What are the principles and practices of collaborative problem-solving? Illustrate these principles and practices using your collaborative problem-solving discussion.

Thesis: there’s a way to resolve most conflicts; this way has four steps

Step 1: Recognize and connect with the humanity of the other.

Principle: Make the other person feel your empathy, care, and connection.

Practice: To connect with the humanity of the other person, ask him plainly to explain his needs and interests concerning the problem and then listen empathetically without interrupting.

Own illustration: In my own conflict, my dad and I disagreed about…. how to put away the recycling. I asked him: “Dad, please explain your needs and interests …”.
And I asked him to connect those needs and interests to the problem at hand and I also summed up his needs and checked to see whether I had done so correctly.

Step 2: Identify the needs and interests of both parties.

Principle: list the needs of both parties.

Separating needs from positions

Two forms of communication

Empathetic listning

Self-assertion

Practice: Write down the other person needs. Use self assertion to say my needs. Make two lists of needs one for each person.

Own illustration:
Some of my needs were:
1. To relax a little after getting home from school, before doing my homework
2. To eat dinner at night before going to bed
3. To shower and go to school right away in the morning.
Some of my partner’s needs were
1. He wants the recycling to be put out.
2. He doesn’t want the recycling piling up at the door for many days.
3. He doesn’t want the house to look like a rubbish dump.

Step 3: Brainstorm ways to meet the needs of each party.

Principle: Brainstorm ways to meet needs of each party.

Lots of ideas

No judgement

Practice: Talk together and list all the needs that both parties have.

Own illustration: 1. We can put the recycling refuse in the garage.

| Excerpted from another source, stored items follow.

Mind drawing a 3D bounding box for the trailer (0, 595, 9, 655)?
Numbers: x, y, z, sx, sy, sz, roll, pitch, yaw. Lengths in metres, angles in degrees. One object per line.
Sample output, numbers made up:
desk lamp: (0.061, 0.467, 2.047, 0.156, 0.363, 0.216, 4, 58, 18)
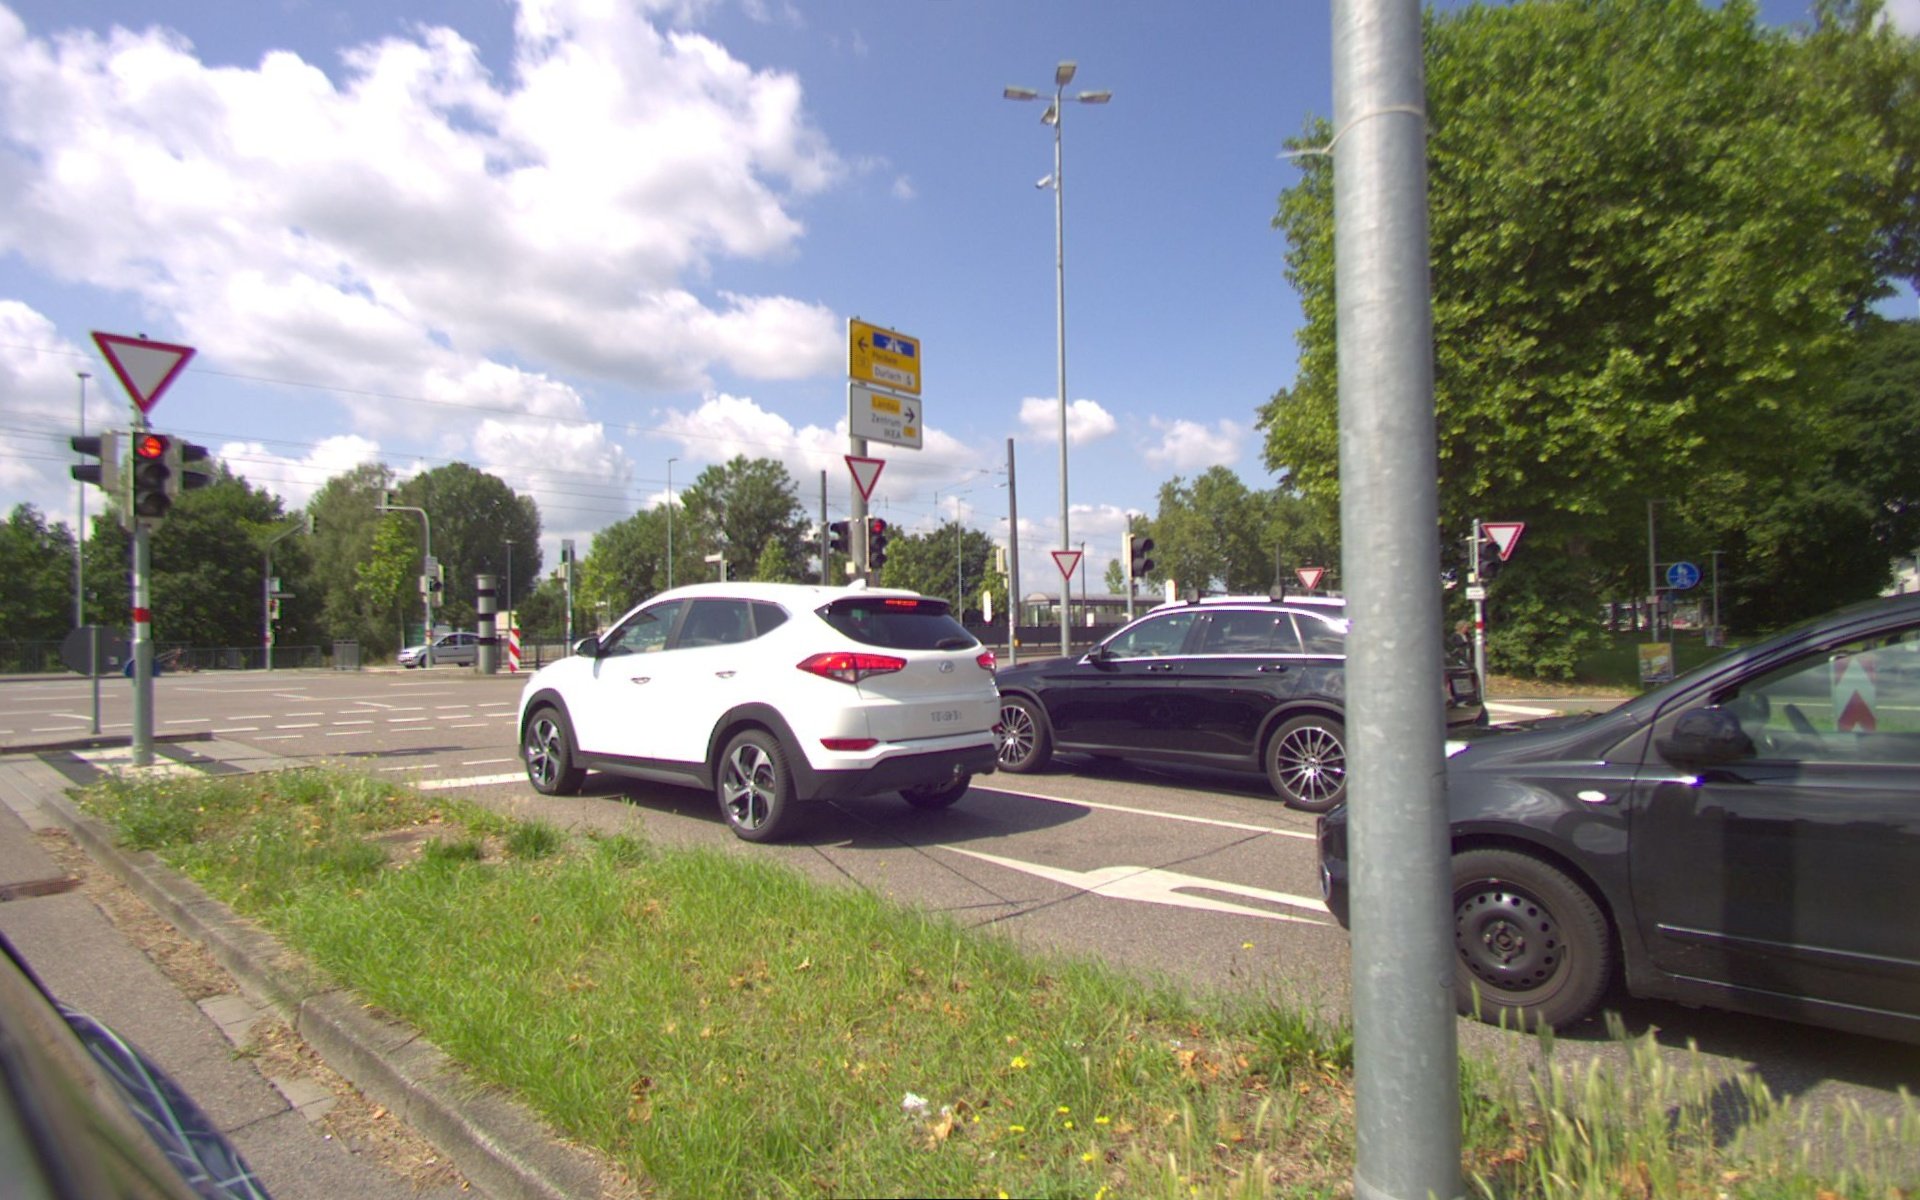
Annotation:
trailer: (-31.556, 0.758, 29.645, 1.820, 1.845, 5.124, -1, -1, 33)

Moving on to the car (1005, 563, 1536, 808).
car: (2.511, 0.591, 8.725, 3.998, 1.627, 1.752, 0, -2, 41)

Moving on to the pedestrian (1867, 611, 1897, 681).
pedestrian: (23.007, 1.141, 25.247, 0.449, 1.716, 0.399, -2, -1, 36)

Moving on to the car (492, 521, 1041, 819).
car: (-1.665, 0.413, 7.629, 4.375, 1.632, 1.690, 0, -2, 41)

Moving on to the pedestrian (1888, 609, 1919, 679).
pedestrian: (23.322, 1.084, 24.963, 0.515, 1.716, 0.405, -2, -1, 36)

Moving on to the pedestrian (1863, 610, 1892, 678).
pedestrian: (23.445, 1.127, 25.875, 0.409, 1.716, 0.522, -2, -1, 32)

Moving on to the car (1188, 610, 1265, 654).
car: (11.521, 1.336, 43.597, 2.016, 1.736, 4.205, -2, -1, 32)

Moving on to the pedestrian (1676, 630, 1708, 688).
pedestrian: (17.168, 1.375, 23.734, 0.538, 1.334, 0.485, -1, -1, 42)

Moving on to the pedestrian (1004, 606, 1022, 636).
pedestrian: (3.101, 1.231, 58.876, 0.760, 1.722, 0.782, -2, -3, 37)

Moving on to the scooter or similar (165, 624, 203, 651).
scooter or similar: (-33.513, 1.626, 43.727, 0.343, 1.107, 1.233, -2, -1, 38)

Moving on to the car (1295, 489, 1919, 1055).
car: (3.339, 0.479, 3.074, 4.130, 1.505, 1.587, -1, -3, 41)

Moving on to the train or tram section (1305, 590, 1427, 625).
train or tram section: (43.338, 0.984, 106.866, 4.526, 3.055, 24.793, -2, -3, 40)

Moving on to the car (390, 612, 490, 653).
car: (-22.315, 1.357, 43.487, 1.701, 1.466, 3.444, 2, 4, 41)

Dad said “I don’t want refuse in the
garage, and the garage is far from the shed with the garbage and recycling”.
2. I could take the recycling out as soon as I come home from school. That way I wouldn’t take a lot of
time away from relaxing, eating dinner, homework, and so on.

3. I could also take each new piece of recycling refuse outside right away so that there is no piling
up. I said “I don’t want to be running back and forth in the cold all the time.”
4. We can get small paper bins or stiff paper bags and label them “cans”, “glass”, “plastic”, etc. So the recycling can get sorted right away by everybody in the house.

Step 4:Select a solution for maximum gain.

Principle: Select a solution for maximum gain.

Common ground:

Practice: Pick a solution that meets each party’s needs without compromising.

Own illustration: We selected solution 4.
It met my needs because
(1) It allowed the recyclables to be sorted by everyone in the house automatically. Then, I could just run out quickly without having to sort anything and right away put every recyclable into its main bin outside.
(2) I spent less time in the cold.
(3) I spent less time taking the recycling out and so I had more time for homework, dinner, etc.
It met my partner’s needs because
(4)The recycling didn’t pile up anymore because it took so little time for me to get it out of the house.